# For those worried about AxeFX III



## noUser01 (Jul 22, 2013)

Here's your answer:

will the FX3 come out as soon as i buy the Fx2 - Page 4



> There won't be an Axe-Fx III anytime soon.
> 
> Version 11.00 firmware, however, will make the II feel like an Axe-Fx III





> It is cool though. I've finally solved the last piece of the puzzle. It has taken me five years to figure this out.

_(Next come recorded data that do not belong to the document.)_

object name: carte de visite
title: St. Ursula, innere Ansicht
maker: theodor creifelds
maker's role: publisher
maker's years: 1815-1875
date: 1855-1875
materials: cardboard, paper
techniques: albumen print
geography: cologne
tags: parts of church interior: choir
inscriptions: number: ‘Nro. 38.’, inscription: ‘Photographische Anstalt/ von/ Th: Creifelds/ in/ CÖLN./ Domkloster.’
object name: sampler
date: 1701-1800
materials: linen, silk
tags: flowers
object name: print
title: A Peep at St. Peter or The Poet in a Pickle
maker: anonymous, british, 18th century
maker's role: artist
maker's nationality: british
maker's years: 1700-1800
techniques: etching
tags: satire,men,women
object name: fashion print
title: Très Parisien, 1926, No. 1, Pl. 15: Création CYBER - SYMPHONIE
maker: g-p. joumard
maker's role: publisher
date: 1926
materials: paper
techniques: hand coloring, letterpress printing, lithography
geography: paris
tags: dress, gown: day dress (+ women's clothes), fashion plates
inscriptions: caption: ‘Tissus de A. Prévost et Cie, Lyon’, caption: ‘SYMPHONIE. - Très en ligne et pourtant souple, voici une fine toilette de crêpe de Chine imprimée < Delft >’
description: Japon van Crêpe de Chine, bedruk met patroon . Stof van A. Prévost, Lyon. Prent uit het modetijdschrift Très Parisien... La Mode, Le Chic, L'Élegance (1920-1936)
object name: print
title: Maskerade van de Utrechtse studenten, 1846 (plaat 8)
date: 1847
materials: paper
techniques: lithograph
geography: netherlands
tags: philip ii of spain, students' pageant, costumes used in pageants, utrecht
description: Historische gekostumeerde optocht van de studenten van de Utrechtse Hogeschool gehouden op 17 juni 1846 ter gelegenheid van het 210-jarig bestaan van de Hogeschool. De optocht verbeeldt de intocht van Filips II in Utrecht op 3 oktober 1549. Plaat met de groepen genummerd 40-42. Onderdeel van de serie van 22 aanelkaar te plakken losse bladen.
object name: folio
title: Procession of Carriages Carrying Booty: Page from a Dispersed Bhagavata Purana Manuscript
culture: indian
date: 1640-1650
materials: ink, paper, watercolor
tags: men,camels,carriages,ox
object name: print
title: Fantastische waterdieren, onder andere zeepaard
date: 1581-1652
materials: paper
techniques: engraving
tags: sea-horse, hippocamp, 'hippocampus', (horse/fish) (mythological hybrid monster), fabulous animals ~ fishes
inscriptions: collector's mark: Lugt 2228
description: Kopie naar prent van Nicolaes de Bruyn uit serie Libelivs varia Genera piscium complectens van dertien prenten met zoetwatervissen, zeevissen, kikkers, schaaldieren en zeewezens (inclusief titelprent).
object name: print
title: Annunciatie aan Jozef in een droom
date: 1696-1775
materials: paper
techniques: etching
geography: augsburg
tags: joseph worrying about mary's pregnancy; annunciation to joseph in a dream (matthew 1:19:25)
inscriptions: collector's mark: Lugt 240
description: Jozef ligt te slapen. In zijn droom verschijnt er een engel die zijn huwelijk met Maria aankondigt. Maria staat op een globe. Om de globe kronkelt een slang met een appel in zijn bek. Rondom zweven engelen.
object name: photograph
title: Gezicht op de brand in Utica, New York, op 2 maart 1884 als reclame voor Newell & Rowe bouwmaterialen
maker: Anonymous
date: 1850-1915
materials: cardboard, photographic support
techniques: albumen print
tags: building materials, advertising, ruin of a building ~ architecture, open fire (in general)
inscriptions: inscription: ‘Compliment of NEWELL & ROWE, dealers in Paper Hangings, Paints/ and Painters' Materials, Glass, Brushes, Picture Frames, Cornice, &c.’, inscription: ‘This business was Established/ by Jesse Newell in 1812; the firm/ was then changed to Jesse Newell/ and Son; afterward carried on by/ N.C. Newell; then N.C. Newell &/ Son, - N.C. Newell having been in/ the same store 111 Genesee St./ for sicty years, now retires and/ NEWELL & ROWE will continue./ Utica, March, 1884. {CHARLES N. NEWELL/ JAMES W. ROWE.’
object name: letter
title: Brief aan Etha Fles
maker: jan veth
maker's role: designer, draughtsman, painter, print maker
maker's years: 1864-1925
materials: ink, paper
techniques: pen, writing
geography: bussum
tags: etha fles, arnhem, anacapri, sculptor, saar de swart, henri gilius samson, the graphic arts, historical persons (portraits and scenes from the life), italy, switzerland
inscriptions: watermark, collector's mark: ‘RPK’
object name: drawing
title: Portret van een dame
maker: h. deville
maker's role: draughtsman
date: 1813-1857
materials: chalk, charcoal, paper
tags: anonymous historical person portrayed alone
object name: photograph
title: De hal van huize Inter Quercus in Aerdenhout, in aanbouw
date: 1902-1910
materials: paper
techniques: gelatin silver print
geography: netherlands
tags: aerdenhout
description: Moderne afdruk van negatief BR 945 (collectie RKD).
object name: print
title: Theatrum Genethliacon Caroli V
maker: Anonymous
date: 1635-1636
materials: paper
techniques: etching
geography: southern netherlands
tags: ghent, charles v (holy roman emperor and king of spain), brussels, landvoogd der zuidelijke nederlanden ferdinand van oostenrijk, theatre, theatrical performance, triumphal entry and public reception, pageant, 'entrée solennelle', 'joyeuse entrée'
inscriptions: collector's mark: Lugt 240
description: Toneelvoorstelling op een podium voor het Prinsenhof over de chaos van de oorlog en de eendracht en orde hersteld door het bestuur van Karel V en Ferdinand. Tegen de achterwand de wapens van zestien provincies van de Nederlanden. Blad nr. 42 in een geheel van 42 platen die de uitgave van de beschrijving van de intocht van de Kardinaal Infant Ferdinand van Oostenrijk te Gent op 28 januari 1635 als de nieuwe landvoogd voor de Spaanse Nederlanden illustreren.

That's damn good news to me.


----------



## Shask (Jul 22, 2013)

Makes me anxious to find out what ver 11.0 is going to bring!


----------



## Given To Fly (Jul 22, 2013)

Shask said:


> Makes me anxious to find out what ver 11.0 is going to bring!



"Magic and Wonder!"


----------



## noUser01 (Jul 22, 2013)

Shask said:


> Makes me anxious to find out what ver 11.0 is going to bring!



Free money.


----------



## metalstrike (Jul 22, 2013)




----------



## Seanthesheep (Jul 22, 2013)

I want them to slow down on the FWs, I just cant keep up anymore


----------



## noUser01 (Jul 23, 2013)

Seanthesheep said:


> I want them to slow down on the FWs, I just cant keep up anymore



They can come as quickly as they want, but I do want them to end soon. That way I can REALLY tweak to my hearts content without any of it getting lost in the next update.


----------



## cardinal (Jul 24, 2013)

ConnorGilks said:


> will the FX3 come out as soon as i buy the Fx2 - Page 4
> .



lol. Axe FX II was kinda cool while I had it, but statements like at are such hyperbole and silly. The product should be left to stand on its own without trumpeting each update as the second coming. How many times before has he solved the last piece of the puzzle? As far as I'm concerned, Marshall, Mesa, Diezel, and Soldano "solved" the puzzle long time ago.


----------



## Shask (Jul 24, 2013)

cardinal said:


> lol. Axe FX II was kinda cool while I had it, but statements like at are such hyperbole and silly. The product should be left to stand on its own without trumpeting each update as the second coming. How many times before has he solved the last piece of the puzzle? As far as I'm concerned, Marshall, Mesa, Diezel, and Soldano "solved" the puzzle long time ago.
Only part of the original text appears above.